Intern87 Intern87 - 11 months ago 58 Question

convert to ASCII characters ssis

I have a file with a list of words, not too dissimilar to this, which i want to import into my MSSQL database;


I want to do a rudimentary conversion of the Polish characters into ASCII, so that they can be parsed through my DB.
I am using SSIS to import the data and therefore have I am using a script to alter the text on/before import.

I have tried;

Public Overrides Sub Input0_ProcessInputRow(ByVal Row As Input0Buffer)
Row.unsanitised1.Replace("Ą", "A")
Row.unsanitised1.Replace("ą", "a")

Row.unsanitised1.Replace("Ć", "C")
Row.unsanitised1.Replace("ć", "c")

Row.unsanitised1.Replace("Ę", "E")
Row.unsanitised1.Replace("ę", "e")

Row.unsanitised1.Replace("Ł", "L")
Row.unsanitised1.Replace("ł", "l")

Row.unsanitised1.Replace("Ń", "N")
Row.unsanitised1.Replace("ń", "n")

Row.unsanitised1.Replace("Ó", "O")
Row.unsanitised1.Replace("ó", "o")

Row.unsanitised1.Replace("Ś", "S")
Row.unsanitised1.Replace("ś", "s")

Row.unsanitised1.Replace("Ź", "Z")
Row.unsanitised1.Replace("ź", "z")

Row.unsanitised1.Replace("Ż", "Z")
Row.unsanitised1.Replace("ż", "z")

Row.sanitised = Row.unsanitised
Row.sanitised1 = Row.unsanitised1

End Sub

However, when the file is read in, the characters are not read properly, they come in more like "Ĺ‚" what am I doing wrong? Do I need to read them in as unicode?

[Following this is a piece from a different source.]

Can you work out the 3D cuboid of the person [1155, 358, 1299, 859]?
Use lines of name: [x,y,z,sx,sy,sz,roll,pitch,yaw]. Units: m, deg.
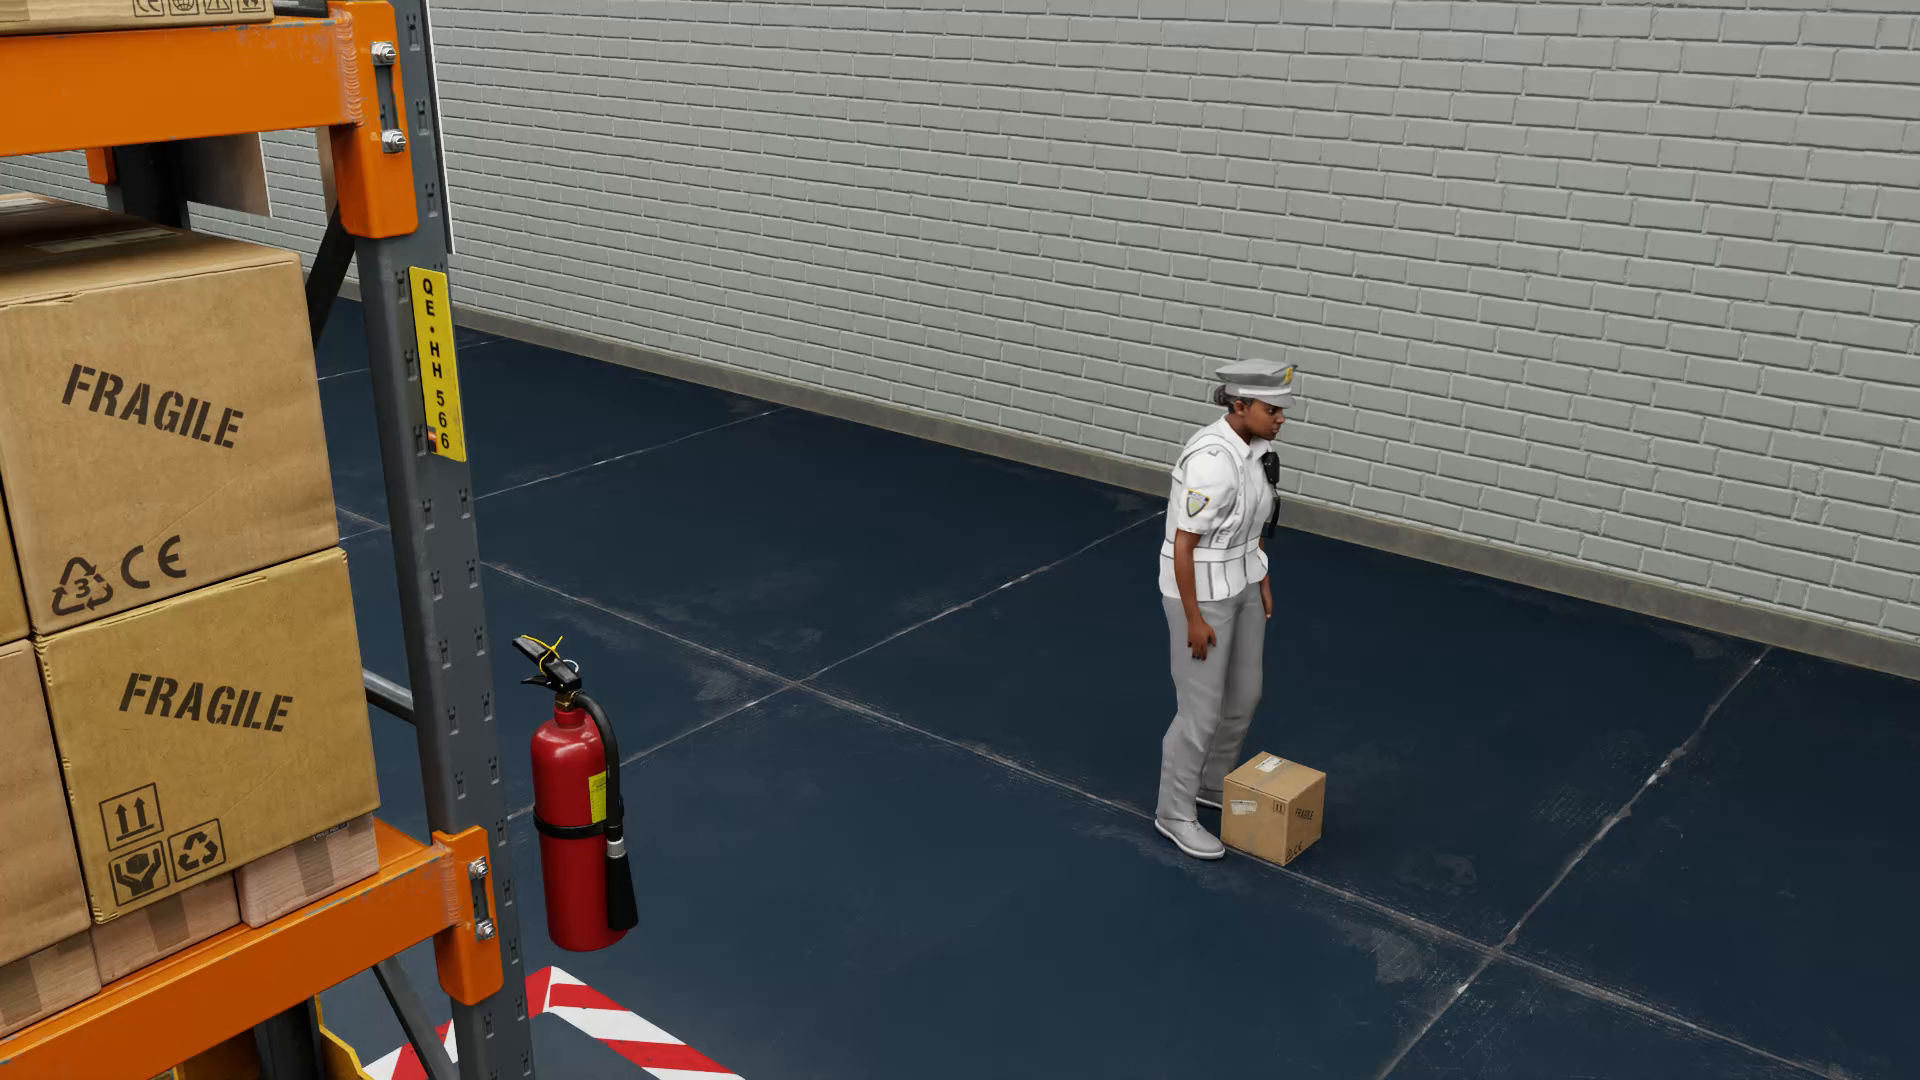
person: [0.872,0.202,5.530,0.393,1.660,0.506,16,26,37]

The file and vbscript are saved in codepage 1200 to preserve the Polish characters.

Answer Source


So after a little break from this and looking at it again I've found the problem. I'm posting it here in case people come across this in the future and see that is is currently unsolved.

@Sandeep Rowat & Tom Blodget said in the comments, codepage 65001 (UTF-8) is required. However, the replace function was still not working for two of the characters in the list, Ó and ó.

I thought the import was confusing the characters and making them unrecognisable, this theory was tested by importing the characters and converting them to HEX ensuring they are the same baseline characters.

Ó appeared as HEX D3 on both import and code.

ó appeared as HEX F3 on both import and code.

Since they were the same on import and within the code, this led me to believe the String.Replace() function does not work as intended on these characters.

I have circumnavigated this issue by doing a remove and subsequently an insert to replace the characters;

Public Overrides Sub Input0_ProcessInputRow(ByVal Row As Input0Buffer)

        var = Row.unsanitised1.Replace("Ą", "A")
        var.Replace("ą", "a")

        var.Replace("Ć", "C")
        var.Replace("ć", "c")

        var.Replace("Ę", "E")
        var.Replace("ę", "e")

        var.Replace("Ł", "L")
        var.Replace("ł", "l")

        var.Replace("Ń", "N")
        var.Replace("ń", "n")

        var.Replace("Ó", "O") 'does not work?!
        var.Replace("ó", "o") 'does not work?!

        i = var.LastIndexOf("Ó")
        Do While i >= 0
            var = var.Remove(i, 1) 'this works!
            var = var.Insert(i, "O") 'this works!
            i = var.LastIndexOf("Ó")

        i = var.LastIndexOf("ó")
        Do While i >= 0
            var = var.Remove(i, 1) 'this works!
            var = var.Insert(i, "o") 'this works!
            i = var.LastIndexOf("ó")

        var.Replace("Ś", "S")
        var.Replace("ś", "s")

        var.Replace("Ź", "Z")
        var.Replace("ź", "z")

        var.Replace("Ż", "Z")
        var.Replace("ż", "z")

        Row.sanitised = Row.unsanitised
        Row.sanitised1 = var

        i = Nothing

    End Sub

I hope nobody else gets stuck with this problem.